A Finnish study found that simply changing what children play on, from gravel to forest floor, measurably strengthened their immune systems within a single month. The findings challenge how we think about “clean” versus “healthy” environments for kids.

The Study
Published in Science Advances, the research followed children aged 3 to 5 across daycare centres in Finland. Researchers introduced forest undergrowth, lawn turf, and planter boxes to previously gravel-covered urban play yards, then compared the children’s biological markers to those at standard daycare centres with no such intervention.

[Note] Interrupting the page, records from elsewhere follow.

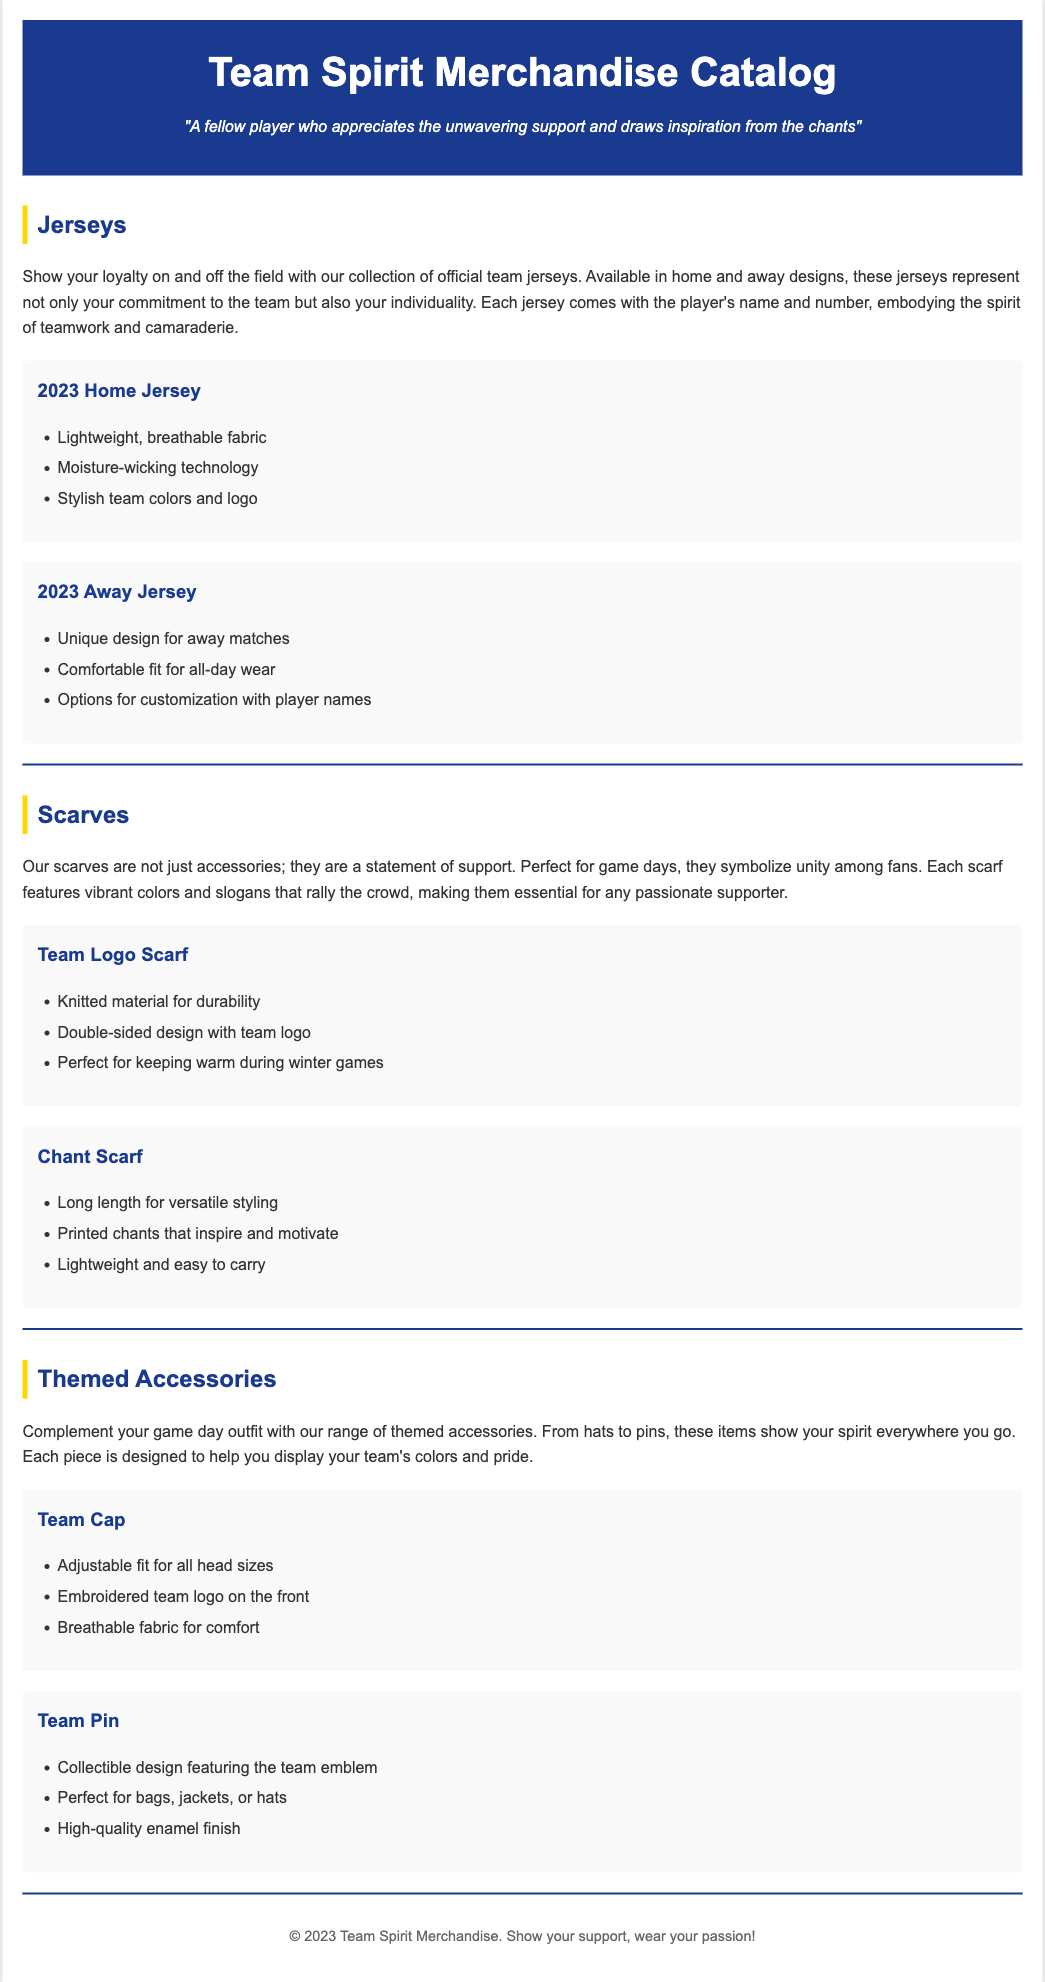What is the name of the catalog? The name of the catalog is displayed prominently at the top of the document.
Answer: Team Spirit Merchandise Catalog What types of jerseys are available? The document specifies two types of jerseys offered in the catalog.
Answer: Home and Away What technology is mentioned for the 2023 Home Jersey? The document highlights a specific feature that enhances the jersey's performance.
Answer: Moisture-wicking technology What is the material of the Team Logo Scarf? The document describes the material that ensures the scarf is durable.
Answer: Knitted material How does the Chant Scarf inspire fans? The description indicates a specific feature of the scarf that serves a motivational purpose.
Answer: Printed chants What accessory is adjustable for all head sizes? The document mentions a specific accessory that can fit various head sizes.
Answer: Team Cap How is the Team Pin described in terms of finish? The document provides details on the quality of the Team Pin.
Answer: High-quality enamel finish What does each jersey symbolize according to the document? The description emphasizes a concept represented by the jerseys.
Answer: Teamwork and camaraderie

What Changed in Just 28 Days
After 28 days, children playing in the newly greened yards showed measurably more diverse skin and gut microbiomes compared to children in unmodified play areas. Crucially, this diversity wasn’t just a curiosity, it corresponded with changes in specific immune markers linked to healthier immune regulation, including an increased ratio of the anti-inflammatory protein IL-10 to the pro-inflammatory protein IL-17A.
Why Dirt Isn’t the Enemy
The mechanism at play isn’t magic, it’s microbiology. Natural forest soil carries a rich diversity of environmental bacteria that children’s immune systems can encounter and learn from, something rubber matting and gravel simply cannot offer. Researchers found that after the intervention, the gut microbiota of children at the modified daycare centres began to resemble that of children who visited actual forests every day, suggesting that a designed, urban approximation of nature exposure can meaningfully mimic the real thing.
Three Key Mechanisms at Work
Microbe exposure: forest soil provided far greater contact with beneficial environmental bacteria than standard play surfaces
Immune training: children’s immune systems showed measurable signs of improved regulation within just one month
Increased biodiversity: microbial diversity rose on both the skin and within the gut of children in the greener yards.
A Note on the Scale of the Findings
It’s worth being precise about what the research actually showed. The study didn’t involve Finland replacing all its playgrounds nationwide, and the immune changes were observed within about one month, not one year, as some circulating summaries have suggested. The sample size was also modest, 75 children across the full study, with some reporting drawing on a smaller subset of centres, meaning the findings, while genuinely promising, are best understood as an encouraging early signal rather than a settled, universal conclusion.
Why This Matters Beyond Finland
This research adds to the broader “biodiversity hypothesis” of immune health, the idea that reduced contact with natural microbial diversity in increasingly urbanised environments may be contributing to rising rates of immune-related conditions. The encouraging implication is that the solution doesn’t require wilderness. It requires deliberate, intentional design, bringing small, genuine patches of biodiversity into the urban spaces children already occupy every day
The Bigger Design Lesson
What makes this study so compelling for anyone designing spaces for children, schools, nurseries, community centres, is how modest the intervention was. Lawn turf, forest undergrowth, and a few planter boxes were enough to shift measurable biological outcomes within weeks. Genuine access to nature doesn’t require overhauling an entire environment; it requires thoughtful, consistent, everyday contact.
At Calm Nest Collective, this research reinforces something core to our design philosophy, that small, genuine elements of nature woven into everyday environments can produce outsized benefits, for the body as much as for the mind.